#### TASK BRIEF:
No picture belongs in the copy. Repeat each line below exactly.

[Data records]
+===+

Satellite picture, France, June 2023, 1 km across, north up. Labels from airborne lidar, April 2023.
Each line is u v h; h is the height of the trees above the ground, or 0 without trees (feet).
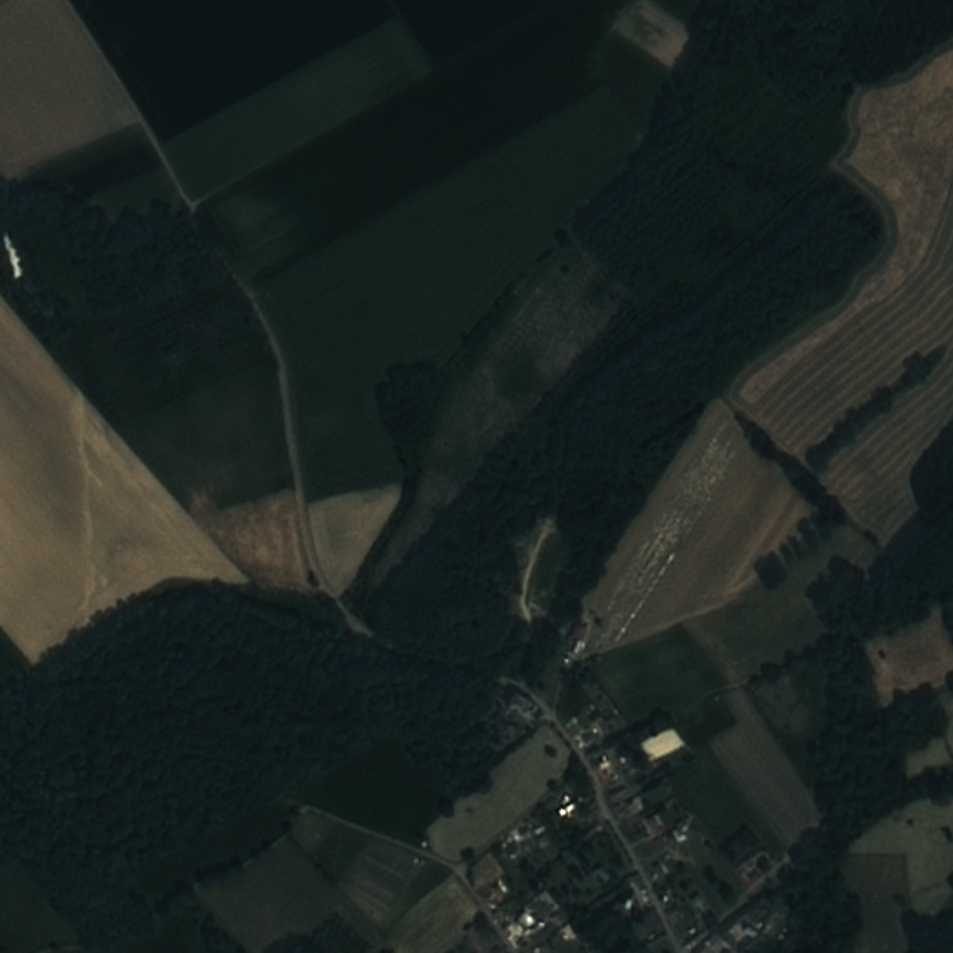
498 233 0
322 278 0
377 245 0
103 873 81
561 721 0
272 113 0
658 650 0
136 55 0
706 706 0
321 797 0
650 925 0
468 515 65
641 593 0
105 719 97
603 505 33
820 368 0
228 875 44
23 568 0
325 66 0
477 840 0
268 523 0
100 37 0
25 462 0
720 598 0
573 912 19
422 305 0
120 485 0
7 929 0
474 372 0
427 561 66
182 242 83
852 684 65
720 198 99
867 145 0
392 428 63
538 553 0
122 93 0
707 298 51
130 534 0
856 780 66
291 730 78
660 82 0
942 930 106
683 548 0
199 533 0
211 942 63
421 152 0
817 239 83
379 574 0
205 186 0
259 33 0
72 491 0
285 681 112
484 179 0
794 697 0
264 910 0
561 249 0
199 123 0
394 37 0
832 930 62
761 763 0
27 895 0
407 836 0
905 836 0
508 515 53
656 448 20
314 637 75
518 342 0
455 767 77
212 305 0
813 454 46
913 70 0
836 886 73
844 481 0
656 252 99
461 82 0
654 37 0
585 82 0
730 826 0
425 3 0
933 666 0
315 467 0
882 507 0
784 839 0
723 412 0
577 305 0
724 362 77
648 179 95
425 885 0
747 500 0
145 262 72
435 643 57
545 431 0
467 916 0
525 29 0
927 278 0
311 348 0
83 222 64
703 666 0
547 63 0
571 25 0
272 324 0
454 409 0
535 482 29
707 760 0
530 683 38
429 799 0
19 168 0
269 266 0
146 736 94
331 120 0
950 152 0
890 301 0
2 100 0
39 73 0
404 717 61
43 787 102
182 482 0
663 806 21
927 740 0
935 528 91
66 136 0
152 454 0
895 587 93
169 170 0
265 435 0
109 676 96
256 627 97
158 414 0
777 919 0
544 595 0
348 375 0
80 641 71
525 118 0
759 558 0
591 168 0
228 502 0
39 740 104
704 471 0
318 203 0
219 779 61
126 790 69
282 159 0
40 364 0
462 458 0
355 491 0

+===+

#### TASK RESPONSE:
Satellite picture, France, June 2023, 1 km across, north up. Labels from airborne lidar, April 2023.
Each line is u v h; h is the height of the trees above the ground, or 0 without trees (feet).
498 233 0
322 278 0
377 245 0
103 873 81
561 721 0
272 113 0
658 650 0
136 55 0
706 706 0
321 797 0
650 925 0
468 515 65
641 593 0
105 719 97
603 505 33
820 368 0
228 875 44
23 568 0
325 66 0
477 840 0
268 523 0
100 37 0
25 462 0
720 598 0
573 912 19
422 305 0
120 485 0
7 929 0
474 372 0
427 561 66
182 242 83
852 684 65
720 198 99
867 145 0
392 428 63
538 553 0
122 93 0
707 298 51
130 534 0
856 780 66
291 730 78
660 82 0
942 930 106
683 548 0
199 533 0
211 942 63
421 152 0
817 239 83
379 574 0
205 186 0
259 33 0
72 491 0
285 681 112
484 179 0
794 697 0
264 910 0
561 249 0
199 123 0
394 37 0
832 930 62
761 763 0
27 895 0
407 836 0
905 836 0
508 515 53
656 448 20
314 637 75
518 342 0
455 767 77
212 305 0
813 454 46
913 70 0
836 886 73
844 481 0
656 252 99
461 82 0
654 37 0
585 82 0
730 826 0
425 3 0
933 666 0
315 467 0
882 507 0
784 839 0
723 412 0
577 305 0
724 362 77
648 179 95
425 885 0
747 500 0
145 262 72
435 643 57
545 431 0
467 916 0
525 29 0
927 278 0
311 348 0
83 222 64
703 666 0
547 63 0
571 25 0
272 324 0
454 409 0
535 482 29
707 760 0
530 683 38
429 799 0
19 168 0
269 266 0
146 736 94
331 120 0
950 152 0
890 301 0
2 100 0
39 73 0
404 717 61
43 787 102
182 482 0
663 806 21
927 740 0
935 528 91
66 136 0
152 454 0
895 587 93
169 170 0
265 435 0
109 676 96
256 627 97
158 414 0
777 919 0
544 595 0
348 375 0
80 641 71
525 118 0
759 558 0
591 168 0
228 502 0
39 740 104
704 471 0
318 203 0
219 779 61
126 790 69
282 159 0
40 364 0
462 458 0
355 491 0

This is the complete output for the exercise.